McCarthy is a fairly popular guy in the House and was a favorite to become Speaker; his dropping-out announcement said only that he’s concluded he’s not the one to “unite” the squabbling family of colicky infants that make up the Republican party:

That explanation sounded a little lacking, and the Week notes that several right-leaning sites are advancing a far more Scandal-worthy alternate explanation. Blogger Chuck C. Johnson, who has repeatedly accused Ellmers and McCarthy of having an affair, claimed yesterday to have received a cease-and-desist order from Ellmers’ attorney, ordering him to stop making “false and defamatory” statements about the Congresswoman and calling the rumors “unequivocally and indisputably false.”

Erick Erickson of Red State writes that the rumor began spreading widely with a scandalous email, sent by a person he identifies only as “a guy out in America who has emails for a massive number of members of Congress and the email addresses of highly influential conservatives outside Congress.”

That email, Erickson says, “began circulating pretty heavily:”

Conservatives were buzzing about it. The first line pointed to the current scandal about Denny Hastert and concluded suggesting that if the rumor about McCarthy and his personal life were true, he was a national security risk.

After that, he notes, Rep. Walter Jones mysteriously demanded that candidates hiding any “misdeeds” go ahead and show themselves out of the race, the kind of misdeeds that could, he said, “embarrass himself, the Republican Conference, and the House of Representatives if they become public.”

There’s also this oddly resentful tidbit from Ellmers, pointed out by Matt Lewis of the Daily Caller:

Ellmers has been in office since 2011; she describes herself frequently as a “family values” Republican.
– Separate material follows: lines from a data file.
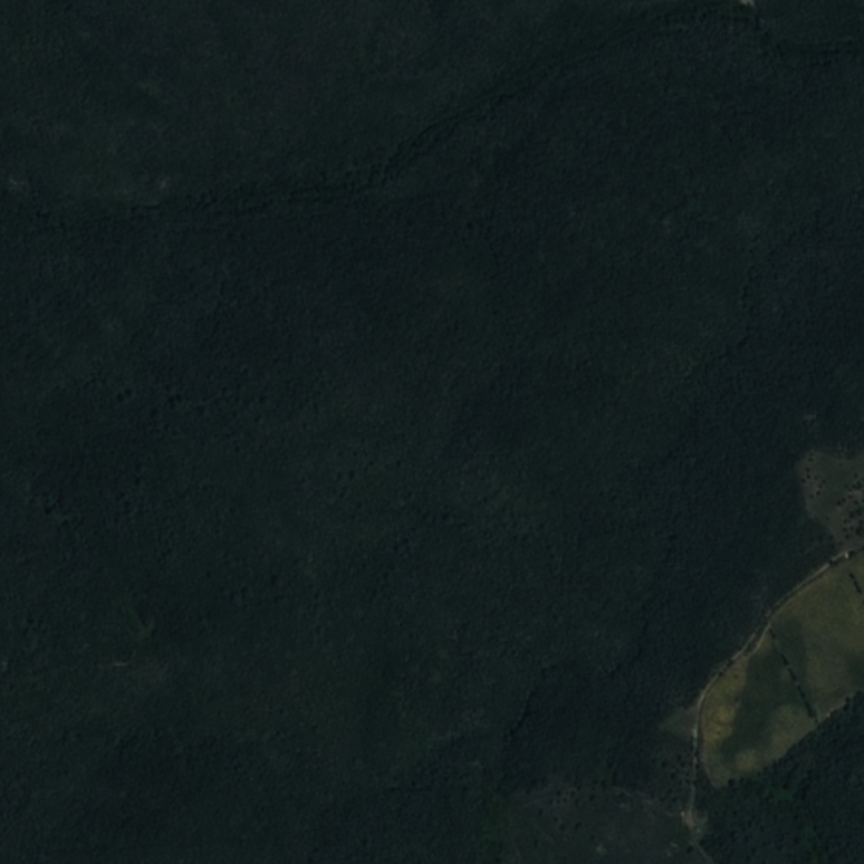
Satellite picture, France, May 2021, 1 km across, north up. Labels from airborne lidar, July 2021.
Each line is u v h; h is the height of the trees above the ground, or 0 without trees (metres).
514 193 17
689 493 9
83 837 9
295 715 6
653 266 11
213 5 6
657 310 9
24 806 13
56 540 13
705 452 10
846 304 10
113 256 10
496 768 12
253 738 13
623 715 12
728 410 8
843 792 8
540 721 8
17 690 6
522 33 11
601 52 6
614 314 12
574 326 11
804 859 7
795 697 0
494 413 10
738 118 20
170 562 9
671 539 12
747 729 0
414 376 9
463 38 7
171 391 17
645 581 8
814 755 12
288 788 9
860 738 18
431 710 8
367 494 9
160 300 11
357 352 9
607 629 8
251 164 14
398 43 7
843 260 6
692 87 11
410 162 11
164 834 9
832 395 7
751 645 5
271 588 11
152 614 14
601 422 11
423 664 9
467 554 8
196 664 9
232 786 11
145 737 18
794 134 8
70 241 15
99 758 12
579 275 15
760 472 9
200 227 9
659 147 10
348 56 9
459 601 11
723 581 8
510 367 10
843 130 9
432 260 8
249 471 6
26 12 13
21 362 11
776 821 6
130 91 5
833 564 9
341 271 11
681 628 10
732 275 12
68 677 7
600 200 9
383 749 8
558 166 10
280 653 7
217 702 7
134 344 13
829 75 10
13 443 12
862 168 11
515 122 11
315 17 6
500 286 9
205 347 11
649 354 10
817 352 6
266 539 6
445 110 15
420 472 7
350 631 6
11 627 8
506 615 11
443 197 17
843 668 0
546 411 7
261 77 7
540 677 13
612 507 16
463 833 9
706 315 9
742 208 9
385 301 11
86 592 8
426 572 7
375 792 10
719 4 14
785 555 6
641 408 12
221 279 11
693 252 11
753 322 14
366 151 10
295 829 11
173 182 6
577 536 14
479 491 6
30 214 10
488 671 8
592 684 15
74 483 15
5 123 6
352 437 6
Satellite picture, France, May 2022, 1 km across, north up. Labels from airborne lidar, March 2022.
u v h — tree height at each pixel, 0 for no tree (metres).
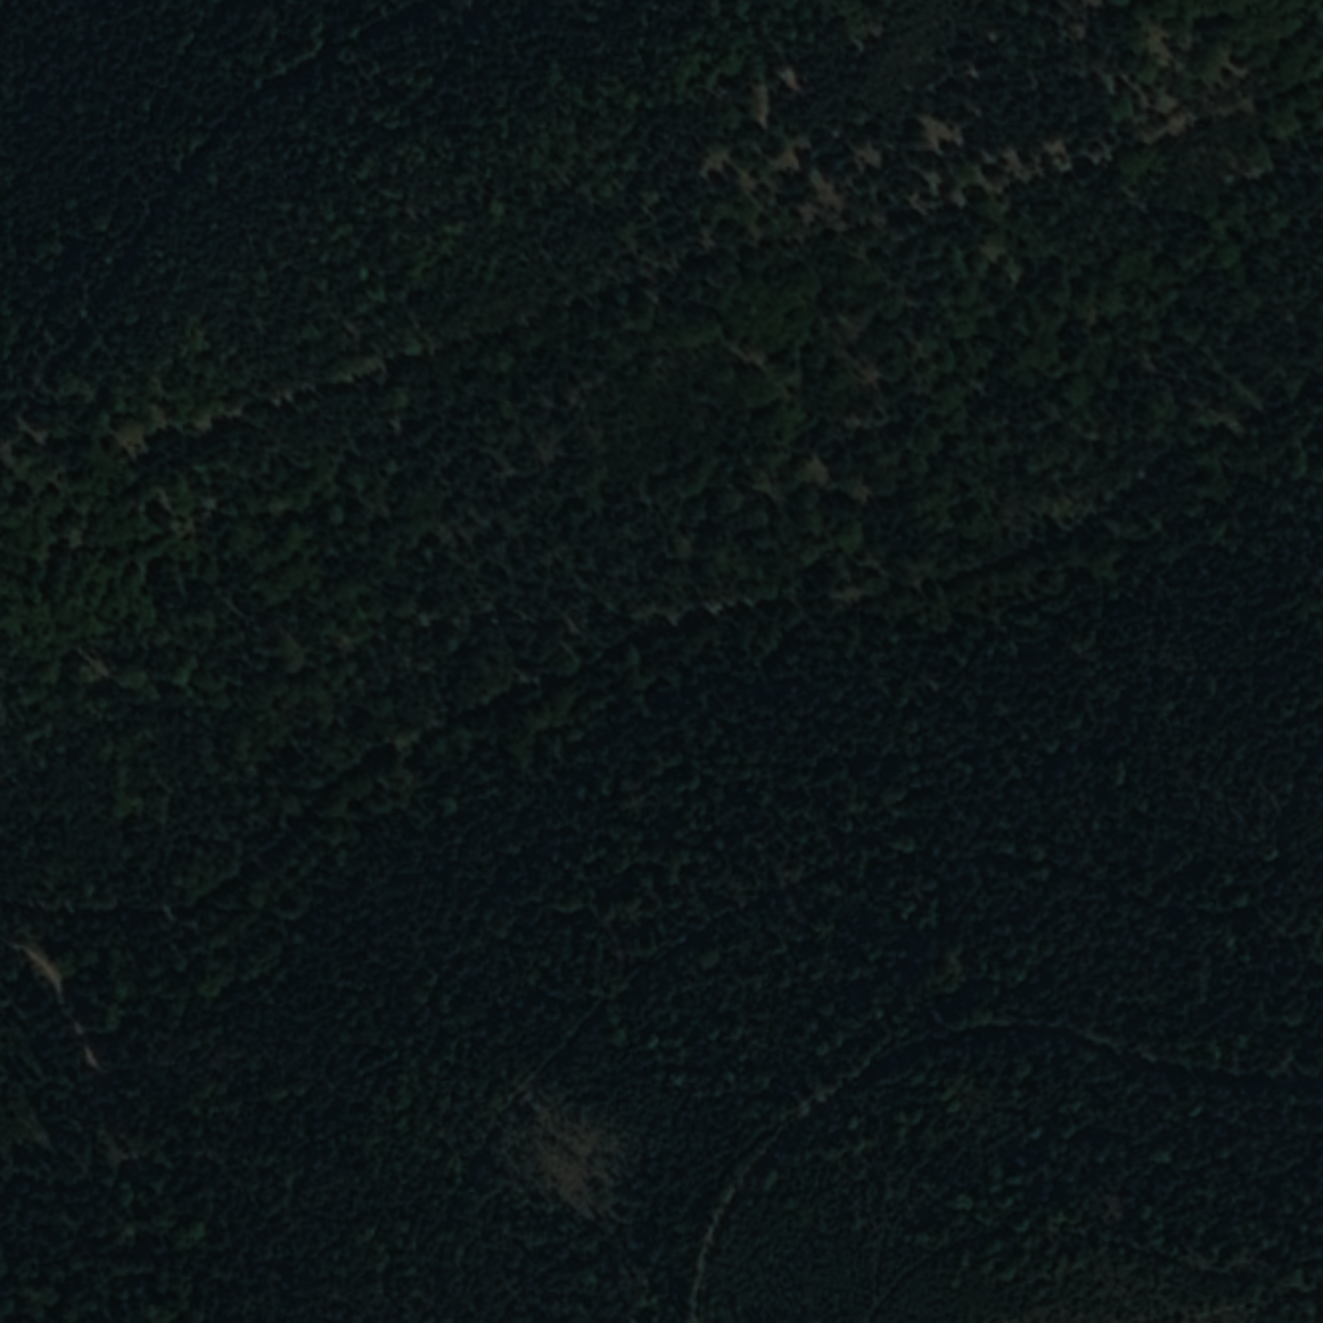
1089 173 26
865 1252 10
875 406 21
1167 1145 35
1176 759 28
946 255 22
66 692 27
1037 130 25
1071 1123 22
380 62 32
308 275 18
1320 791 23
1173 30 17
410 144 27
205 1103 32
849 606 7
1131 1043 29
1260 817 30
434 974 20
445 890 23
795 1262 7
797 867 19
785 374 15
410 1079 26
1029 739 36
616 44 29
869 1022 11
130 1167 0
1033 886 33
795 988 13
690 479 27
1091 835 28
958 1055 22
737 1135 17
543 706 23
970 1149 9
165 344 22
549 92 28
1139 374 25
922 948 33
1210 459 28
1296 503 26
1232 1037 32
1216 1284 8
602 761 29
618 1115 13
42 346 30
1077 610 22
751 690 13
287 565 27
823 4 21
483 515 29
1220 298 25
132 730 27
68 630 31
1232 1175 29
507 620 24
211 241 23
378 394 33
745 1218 10
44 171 28
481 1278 28
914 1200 6
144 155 29
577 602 29
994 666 31
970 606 15
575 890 26
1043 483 24
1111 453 18
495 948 29
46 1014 37
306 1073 30
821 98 28
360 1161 28
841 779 23
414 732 21
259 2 34
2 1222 30
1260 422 31
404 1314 29
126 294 27
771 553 30
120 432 19
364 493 31
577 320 17
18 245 27
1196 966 32
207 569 24
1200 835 31
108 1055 36
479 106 25
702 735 25
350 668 28
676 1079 17
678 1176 18
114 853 30
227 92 24
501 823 28
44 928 39
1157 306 10
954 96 15
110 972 35
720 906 28
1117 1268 8
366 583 28
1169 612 30
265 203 24
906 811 31
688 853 23
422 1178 30
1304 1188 31
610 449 15
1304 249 25
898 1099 12
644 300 30
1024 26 27
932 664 26
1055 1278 8
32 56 27
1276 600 32
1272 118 17
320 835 25
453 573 29
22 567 13
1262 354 32
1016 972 26
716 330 15
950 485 28
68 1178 25
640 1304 9
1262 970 18
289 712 31
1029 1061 15
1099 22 16
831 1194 11
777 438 29
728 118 24
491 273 14
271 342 22
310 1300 29
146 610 17
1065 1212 31
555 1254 27
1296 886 31
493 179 16
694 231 26
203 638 28
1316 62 25
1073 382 28
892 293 14
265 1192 35
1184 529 30
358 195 21
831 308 26
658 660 31
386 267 22
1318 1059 29
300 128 24
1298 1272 19
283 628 35
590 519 28
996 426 22
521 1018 29
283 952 31
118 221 25
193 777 32
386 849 11
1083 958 33
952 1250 9
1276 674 26
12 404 26
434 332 20
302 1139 16
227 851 31
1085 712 32
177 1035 33
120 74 29
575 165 25
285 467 20
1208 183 15
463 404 19
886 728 31
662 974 12
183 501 14
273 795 24
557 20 28
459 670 31
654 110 26
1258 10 24
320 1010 32
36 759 28
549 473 21
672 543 24
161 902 23
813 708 37
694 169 25
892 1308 7
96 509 18
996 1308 8
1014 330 24
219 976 30
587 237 26
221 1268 40
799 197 24
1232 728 27
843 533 19
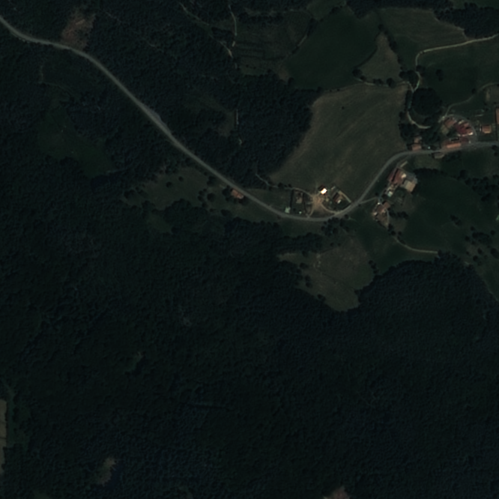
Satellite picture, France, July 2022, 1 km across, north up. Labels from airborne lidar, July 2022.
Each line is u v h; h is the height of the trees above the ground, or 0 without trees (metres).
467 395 15
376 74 0
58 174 24
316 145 0
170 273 11
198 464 30
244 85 15
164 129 0
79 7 16
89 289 24
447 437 20
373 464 22
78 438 22
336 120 0
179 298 14
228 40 17
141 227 15
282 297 15
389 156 0
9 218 23
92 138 21
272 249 18
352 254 0
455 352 18
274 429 31
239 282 17
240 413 16
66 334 37
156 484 33
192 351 15
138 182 12
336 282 0
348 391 19
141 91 15
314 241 17
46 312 16
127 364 33
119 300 24
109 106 19
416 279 15
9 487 9
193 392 23
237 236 15
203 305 9
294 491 32
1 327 27
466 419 21
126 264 17
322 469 30
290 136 16
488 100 0
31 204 11
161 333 14
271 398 29
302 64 0
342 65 0
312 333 28
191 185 0
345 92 0
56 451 27
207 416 24
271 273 16
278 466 26
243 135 12
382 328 19
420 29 0
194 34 24
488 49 0
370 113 0
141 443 27
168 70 13
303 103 17
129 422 24
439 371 17
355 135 0
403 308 11
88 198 18
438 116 14
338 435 26
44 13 16
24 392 19
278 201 0
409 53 0
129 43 15
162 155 16
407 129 16
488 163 0
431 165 0
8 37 13
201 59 12
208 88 16
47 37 13
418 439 18
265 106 8
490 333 16
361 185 0
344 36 0
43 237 21
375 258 0
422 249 0
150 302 13
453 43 0
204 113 10
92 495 25
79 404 30
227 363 7
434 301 16
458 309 23
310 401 18
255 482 33
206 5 19
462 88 0
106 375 27
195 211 14
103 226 9
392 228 16
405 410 22
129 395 27
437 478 23
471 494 27
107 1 19
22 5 12
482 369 17
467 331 25
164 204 0
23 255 21
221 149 16
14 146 22
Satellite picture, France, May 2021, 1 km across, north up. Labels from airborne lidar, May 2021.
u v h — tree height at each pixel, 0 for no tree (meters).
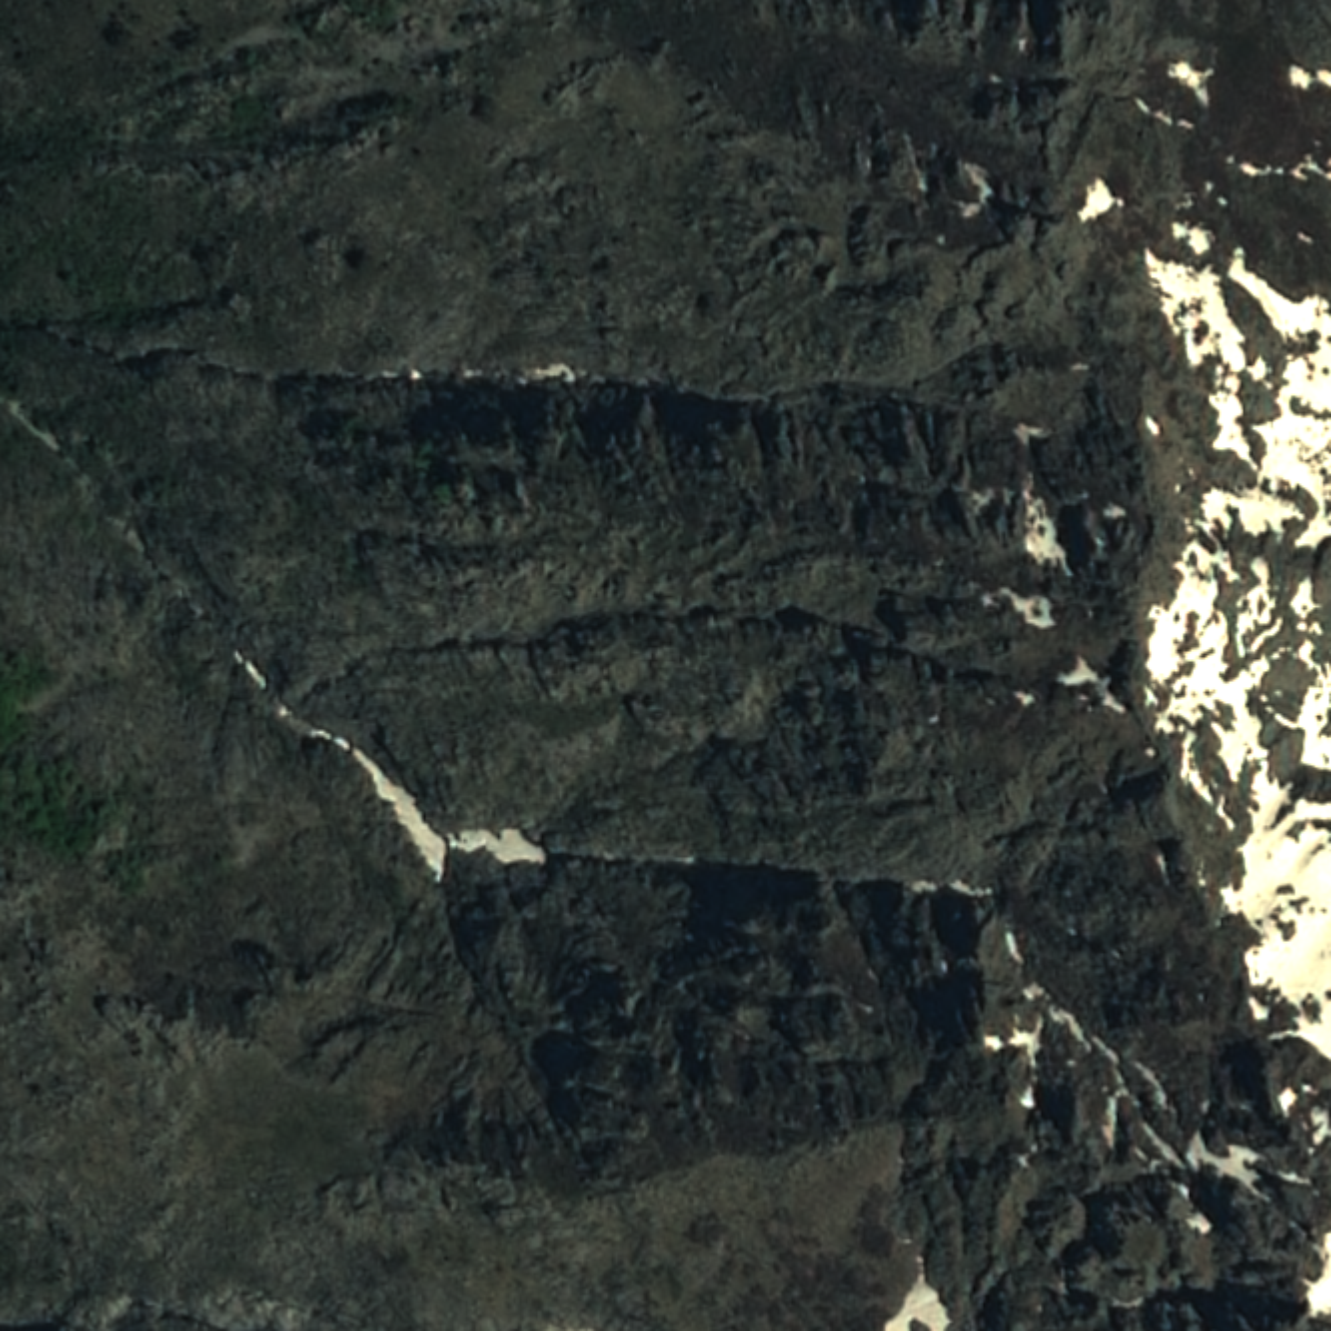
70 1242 12
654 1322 0
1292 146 7
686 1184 0
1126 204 0
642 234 0
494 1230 13
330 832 7
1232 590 0
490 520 9
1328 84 0
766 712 0
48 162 7
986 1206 0
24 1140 0
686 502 9
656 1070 7
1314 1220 0
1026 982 0
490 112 20
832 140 6
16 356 9
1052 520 0
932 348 0
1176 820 0
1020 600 0
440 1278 0
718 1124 10
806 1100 9
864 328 0
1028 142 0
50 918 0
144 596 10
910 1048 0
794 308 0
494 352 9
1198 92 0
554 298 7
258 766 0
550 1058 0
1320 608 0
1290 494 7
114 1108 0
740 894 0
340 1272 0
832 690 0
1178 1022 0
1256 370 0
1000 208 5
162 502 10
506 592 7
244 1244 0
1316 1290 0
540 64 0
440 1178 7
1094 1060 0
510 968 0
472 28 16
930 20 0
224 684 10
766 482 8
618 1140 7
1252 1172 0
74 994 0
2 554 9
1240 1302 0
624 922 10
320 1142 0
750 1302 6
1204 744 0
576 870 0
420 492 7
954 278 0
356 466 10
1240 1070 0
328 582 7
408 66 10
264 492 10
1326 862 0
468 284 0
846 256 0
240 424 7
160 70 13
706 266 0
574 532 0
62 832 12
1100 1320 0
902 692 0
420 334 0
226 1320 0
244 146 8
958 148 6
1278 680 0
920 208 7
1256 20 0
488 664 0
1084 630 0
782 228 0
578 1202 0
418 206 0
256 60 7
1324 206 0
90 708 0
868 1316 6
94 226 10
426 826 0
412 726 0
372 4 8
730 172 0
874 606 0
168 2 0
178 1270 0
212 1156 0
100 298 7
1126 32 0
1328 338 0
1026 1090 0
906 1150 0
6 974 0
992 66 6
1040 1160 0
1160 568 0
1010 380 0
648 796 0
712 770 7
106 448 8
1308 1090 0
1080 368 0
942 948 7
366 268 32
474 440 10
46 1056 0
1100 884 0
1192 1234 0
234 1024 9
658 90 0
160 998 7
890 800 0
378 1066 0
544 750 7
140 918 9
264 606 6
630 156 0
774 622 13
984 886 0
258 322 10
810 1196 0
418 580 8
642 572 0
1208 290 0
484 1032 0
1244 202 0
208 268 26
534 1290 0
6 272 8
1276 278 0
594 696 10
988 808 0
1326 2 0
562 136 0
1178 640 0
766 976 8
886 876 0
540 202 0
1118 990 0
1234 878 0
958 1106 0
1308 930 0
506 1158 10
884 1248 10
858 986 6
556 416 8
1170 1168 0
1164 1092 0
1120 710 0
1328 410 0
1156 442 0
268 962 8
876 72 8
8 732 21
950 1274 0
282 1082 0
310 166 6
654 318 19
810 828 0
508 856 0
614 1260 0
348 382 10
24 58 10
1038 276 0
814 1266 12
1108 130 0
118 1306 0
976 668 0
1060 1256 0
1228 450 0
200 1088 0
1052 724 0
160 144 10
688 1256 0
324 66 11
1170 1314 0
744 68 6
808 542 0
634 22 8
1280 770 0
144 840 9
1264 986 0
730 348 0
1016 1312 0
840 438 0

That fact is making for an embarrassing juxtaposition in this recent edit to her Wikipedia page:

That edit, we were told just now, is traced back to an IP address belonging to the Department of Homeland Security.

Holy shit.

Update: The Wikpedia edit accusing Ellmers of being McCarthy’s affair buddy was removed at 12:45. Interestingly, it doesn’t appear that anyone has attempted to edit/deface McCarthy’s page the same way.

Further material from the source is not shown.